Triage tool

jax-toolbox-triage is a tool to automate the process of attributing regressions to an individual commit of JAX or XLA. It takes as input a command that returns an error (non-zero) code when run in "recent" containers, but which returns a success (zero) code when run in some "older" container. The command must be executable within the containers, i.e. it cannot refer to files that only exist on the host system.

The tool follows a three-step process:

A container-level search backwards from the "recent" container where the test is known to fail, which identifies an "older" container where the test passes. This search proceeds with an exponentially increasing step size and is based on the YYYY-MM-DD tags under ghcr.io/nvidia/jax.
A container-level binary search to refine this to the latest available container where test passes and the earliest available container where it fails.
A commit-level binary search, repeatedly building + testing inside the same container, to identify a single commit of JAX (XLA) that causes the test to start failing, and a reference commit of XLA (JAX) that can be used to reproduce the regression.

The third step can also be used on its own, via the --passing-container and --failing-container options, which allows it to be used between private container tags, without the dependency on the ghcr.io/nvidia/jax registry. This assumes that the given containers are closely related to those from JAX-Toolbox (ghcr.io/nvidia/jax:XXX):

JAX and XLA sources at /opt/{jax,xla}[-source]
build-jax.sh script from JAX-Toolbox available in the container

Installation

The triage tool can be installed using pip:

pip install git+https://github.com/NVIDIA/JAX-Toolbox.git#subdirectory=.github/triage

or directly from a checkout of the JAX-Toolbox repository.

You should make sure pip is up to date, for example with pip install -U pip. The versions of pip installed on cluster head/compute nodes can be quite old. The recommended installation method, using virtualenv, should take care of this for you.

Because the tool needs to orchestrate running commands in multiple containers, it is most convenient to install it in a virtual environment on the host system, rather than attempting to install it inside a container.
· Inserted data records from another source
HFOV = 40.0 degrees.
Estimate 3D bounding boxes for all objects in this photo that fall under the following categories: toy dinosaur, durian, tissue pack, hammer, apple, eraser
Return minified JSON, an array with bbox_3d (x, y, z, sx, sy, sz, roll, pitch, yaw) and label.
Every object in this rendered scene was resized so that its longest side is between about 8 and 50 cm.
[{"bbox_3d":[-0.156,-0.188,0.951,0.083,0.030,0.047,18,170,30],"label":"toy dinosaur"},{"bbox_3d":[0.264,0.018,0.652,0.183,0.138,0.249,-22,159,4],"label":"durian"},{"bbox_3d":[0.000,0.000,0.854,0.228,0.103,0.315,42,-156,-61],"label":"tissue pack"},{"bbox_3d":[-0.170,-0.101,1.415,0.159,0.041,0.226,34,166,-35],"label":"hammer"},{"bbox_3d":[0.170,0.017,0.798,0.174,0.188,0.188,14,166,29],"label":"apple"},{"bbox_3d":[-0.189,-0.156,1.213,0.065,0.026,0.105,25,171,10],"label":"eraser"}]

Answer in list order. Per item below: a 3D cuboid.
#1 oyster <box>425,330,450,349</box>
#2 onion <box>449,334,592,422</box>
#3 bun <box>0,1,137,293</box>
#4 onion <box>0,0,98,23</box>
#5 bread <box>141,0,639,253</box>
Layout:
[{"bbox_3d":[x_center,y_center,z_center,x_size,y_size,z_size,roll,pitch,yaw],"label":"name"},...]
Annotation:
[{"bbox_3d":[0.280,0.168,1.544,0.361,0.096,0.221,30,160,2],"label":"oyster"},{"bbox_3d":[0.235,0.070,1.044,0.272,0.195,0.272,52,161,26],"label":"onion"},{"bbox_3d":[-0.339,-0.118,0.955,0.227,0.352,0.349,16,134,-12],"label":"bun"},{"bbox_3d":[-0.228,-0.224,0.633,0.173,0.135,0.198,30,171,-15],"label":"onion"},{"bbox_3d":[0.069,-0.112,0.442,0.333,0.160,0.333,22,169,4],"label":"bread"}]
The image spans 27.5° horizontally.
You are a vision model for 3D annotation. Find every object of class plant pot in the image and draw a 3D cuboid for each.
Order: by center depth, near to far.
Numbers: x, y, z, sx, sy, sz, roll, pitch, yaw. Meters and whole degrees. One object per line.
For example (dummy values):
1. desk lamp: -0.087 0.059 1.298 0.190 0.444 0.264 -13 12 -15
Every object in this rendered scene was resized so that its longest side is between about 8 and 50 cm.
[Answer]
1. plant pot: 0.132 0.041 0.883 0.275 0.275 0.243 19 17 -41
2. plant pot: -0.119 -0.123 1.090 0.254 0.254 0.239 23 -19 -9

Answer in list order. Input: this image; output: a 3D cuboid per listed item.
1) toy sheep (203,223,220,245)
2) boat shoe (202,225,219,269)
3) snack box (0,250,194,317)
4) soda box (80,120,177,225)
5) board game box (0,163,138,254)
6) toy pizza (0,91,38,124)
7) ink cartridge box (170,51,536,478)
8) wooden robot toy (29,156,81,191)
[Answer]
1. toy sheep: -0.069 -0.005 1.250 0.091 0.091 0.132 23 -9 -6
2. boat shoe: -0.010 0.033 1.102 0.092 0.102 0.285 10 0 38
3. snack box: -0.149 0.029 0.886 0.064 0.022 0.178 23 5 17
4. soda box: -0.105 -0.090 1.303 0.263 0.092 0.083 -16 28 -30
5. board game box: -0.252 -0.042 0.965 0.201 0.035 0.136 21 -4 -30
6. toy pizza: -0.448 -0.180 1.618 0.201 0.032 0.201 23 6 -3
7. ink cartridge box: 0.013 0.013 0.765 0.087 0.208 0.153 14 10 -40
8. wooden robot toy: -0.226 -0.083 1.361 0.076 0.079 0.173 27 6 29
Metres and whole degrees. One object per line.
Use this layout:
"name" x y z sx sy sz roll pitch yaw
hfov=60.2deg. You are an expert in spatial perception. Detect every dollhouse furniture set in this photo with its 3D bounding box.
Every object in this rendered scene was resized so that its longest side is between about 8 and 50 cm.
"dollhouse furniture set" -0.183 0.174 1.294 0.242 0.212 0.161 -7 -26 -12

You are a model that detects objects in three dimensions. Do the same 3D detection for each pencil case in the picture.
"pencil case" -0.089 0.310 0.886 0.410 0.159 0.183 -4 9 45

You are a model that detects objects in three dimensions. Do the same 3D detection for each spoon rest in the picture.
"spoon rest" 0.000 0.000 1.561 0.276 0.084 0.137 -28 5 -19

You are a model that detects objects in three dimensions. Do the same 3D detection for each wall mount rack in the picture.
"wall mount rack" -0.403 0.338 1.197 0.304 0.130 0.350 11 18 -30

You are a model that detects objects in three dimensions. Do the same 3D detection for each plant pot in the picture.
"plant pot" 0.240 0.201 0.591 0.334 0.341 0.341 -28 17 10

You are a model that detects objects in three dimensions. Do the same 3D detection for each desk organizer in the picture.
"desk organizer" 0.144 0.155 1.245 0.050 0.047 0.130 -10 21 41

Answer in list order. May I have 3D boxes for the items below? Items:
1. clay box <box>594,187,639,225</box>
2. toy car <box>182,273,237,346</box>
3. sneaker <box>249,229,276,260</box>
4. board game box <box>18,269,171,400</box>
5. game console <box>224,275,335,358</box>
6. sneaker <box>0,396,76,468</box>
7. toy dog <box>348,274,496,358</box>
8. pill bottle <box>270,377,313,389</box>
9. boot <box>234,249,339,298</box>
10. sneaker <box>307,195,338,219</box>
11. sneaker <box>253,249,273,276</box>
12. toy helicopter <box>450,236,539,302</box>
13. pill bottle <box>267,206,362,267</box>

The recommended installation method is to install virtualenv natively on the host system, and then use that to create an isolated environment on the host system for the triage tool, i.e.:

virtualenv triage-venv
./triage-venv/bin/pip install git+https://github.com/NVIDIA/JAX-Toolbox.git#subdirectory=.github/triage
./triage-venv/bin/jax-toolbox-triage ...

The tool should be invoked on a machine with docker available and whatever GPUs are needed to execute the test case.

Usage

To use the tool, there are two compulsory inputs:

A test command to triage.
A specification of which containers to triage in. There are two choices here:
- --container: which of the ghcr.io/nvidia/jax:CONTAINER-YYYY-MM-DD container families to execute the test command in. Example: jax for a JAX unit test failure, maxtext for a MaxText model execution failure. The --start-date and --end-date options can be combined with --container to tune the search; see below for more details.
- --passing-container and --failing-container: a pair of URLs to containers to use in the commit-level search; if these are passed then no container-level search is performed.
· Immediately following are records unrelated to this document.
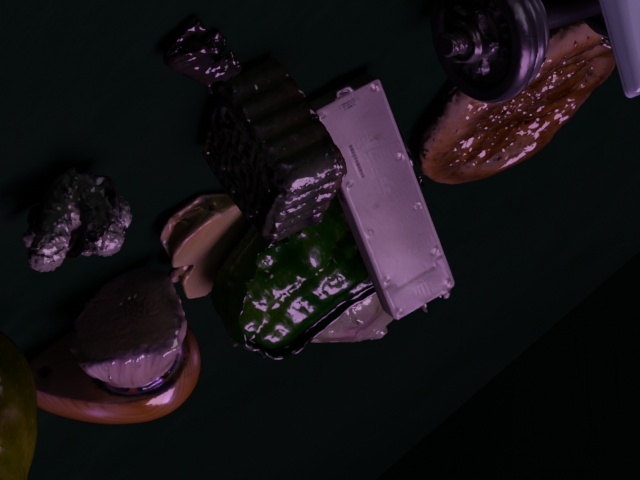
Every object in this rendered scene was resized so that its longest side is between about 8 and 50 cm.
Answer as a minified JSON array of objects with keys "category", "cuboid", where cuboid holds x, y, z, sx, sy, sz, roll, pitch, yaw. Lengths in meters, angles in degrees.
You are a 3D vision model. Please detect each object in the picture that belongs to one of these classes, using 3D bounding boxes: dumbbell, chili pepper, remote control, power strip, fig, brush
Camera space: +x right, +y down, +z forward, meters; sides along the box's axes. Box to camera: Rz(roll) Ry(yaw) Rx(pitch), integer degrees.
[{"category":"dumbbell","cuboid":[0.311,-0.298,2.115,0.406,0.179,0.179,-20,158,-32]},{"category":"chili pepper","cuboid":[-0.001,-0.001,2.314,0.385,0.167,0.213,-48,126,2]},{"category":"remote control","cuboid":[0.384,-0.329,2.029,0.103,0.293,0.051,-21,-169,-33]},{"category":"power strip","cuboid":[0.084,-0.050,2.216,0.106,0.043,0.367,-28,117,-13]},{"category":"fig","cuboid":[-0.434,0.244,2.087,0.206,0.275,0.206,-30,160,-12]},{"category":"brush","cuboid":[-0.305,0.160,2.304,0.267,0.174,0.166,-15,146,0]}]

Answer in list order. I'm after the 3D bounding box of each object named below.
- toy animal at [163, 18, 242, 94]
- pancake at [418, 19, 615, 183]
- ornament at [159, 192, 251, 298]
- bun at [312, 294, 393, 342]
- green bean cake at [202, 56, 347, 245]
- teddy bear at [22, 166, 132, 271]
[{"category":"toy animal","cuboid":[-0.128,-0.201,1.836,0.065,0.047,0.136,-33,164,14]},{"category":"pancake","cuboid":[0.305,-0.213,2.491,0.382,0.071,0.382,-30,162,-11]},{"category":"ornament","cuboid":[-0.140,-0.015,2.281,0.180,0.059,0.201,-39,162,-15]},{"category":"bun","cuboid":[0.049,0.073,2.565,0.283,0.179,0.283,-37,174,-5]},{"category":"green bean cake","cuboid":[-0.063,-0.104,1.990,0.094,0.173,0.181,-27,163,-24]},{"category":"teddy bear","cuboid":[-0.288,-0.031,1.940,0.133,0.111,0.213,-12,-174,0]}]

The test command will be executed directly in the container, not inside a shell, so be sure not to add excessive quotation marks (i.e. run jax-toolbox-triage --container=jax test-jax.sh foo not jax-toolbox-triage --container=jax "test-jax.sh foo"), and you should aim to make it as fast and targeted as possible.

If you want to run multiple commands, you might want to use something like jax-toolbox-triage --container=jax sh -c "command1 && command2".

The expectation is that the test case will be executed successfully several times as part of the triage, so you may want to tune some parameters to reduce the execution time in the successful case. For example, if text-maxtext.sh --steps=500 ... is failing on step 0, you should probably reduce --steps to optimise execution time in the successful case.

A JSON status file and both info-level and debug-level logfiles are written to the directory given by --output-prefix. Info-level output is also written to the console, and includes the path to the debug log file.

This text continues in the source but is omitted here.